## The problem
Transcribe everything in the listing as written, and let no image into the copy.

## Available data

+++

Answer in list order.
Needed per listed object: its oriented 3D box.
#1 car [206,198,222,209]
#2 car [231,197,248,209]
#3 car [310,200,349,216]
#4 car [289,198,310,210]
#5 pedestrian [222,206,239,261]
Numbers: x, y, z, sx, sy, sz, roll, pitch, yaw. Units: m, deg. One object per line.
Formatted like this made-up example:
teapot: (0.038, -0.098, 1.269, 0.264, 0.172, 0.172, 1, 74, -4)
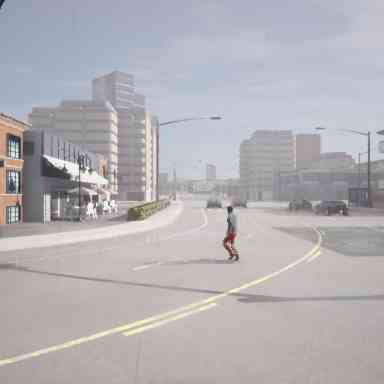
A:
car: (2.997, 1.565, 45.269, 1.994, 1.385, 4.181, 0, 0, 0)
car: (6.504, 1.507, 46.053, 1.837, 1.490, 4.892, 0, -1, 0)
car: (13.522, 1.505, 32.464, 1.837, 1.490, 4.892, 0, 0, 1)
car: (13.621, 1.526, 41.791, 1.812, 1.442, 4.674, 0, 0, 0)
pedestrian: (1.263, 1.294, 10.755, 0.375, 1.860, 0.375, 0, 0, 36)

+++

## The completed task
Answer in list order.
Needed per listed object: its oriented 3D box.
#1 car [206,198,222,209]
#2 car [231,197,248,209]
#3 car [310,200,349,216]
#4 car [289,198,310,210]
#5 pedestrian [222,206,239,261]
Numbers: x, y, z, sx, sy, sz, roll, pitch, yaw. Units: m, deg. One object per line.
Formatted like this made-up example:
teapot: (0.038, -0.098, 1.269, 0.264, 0.172, 0.172, 1, 74, -4)
A:
car: (2.997, 1.565, 45.269, 1.994, 1.385, 4.181, 0, 0, 0)
car: (6.504, 1.507, 46.053, 1.837, 1.490, 4.892, 0, -1, 0)
car: (13.522, 1.505, 32.464, 1.837, 1.490, 4.892, 0, 0, 1)
car: (13.621, 1.526, 41.791, 1.812, 1.442, 4.674, 0, 0, 0)
pedestrian: (1.263, 1.294, 10.755, 0.375, 1.860, 0.375, 0, 0, 36)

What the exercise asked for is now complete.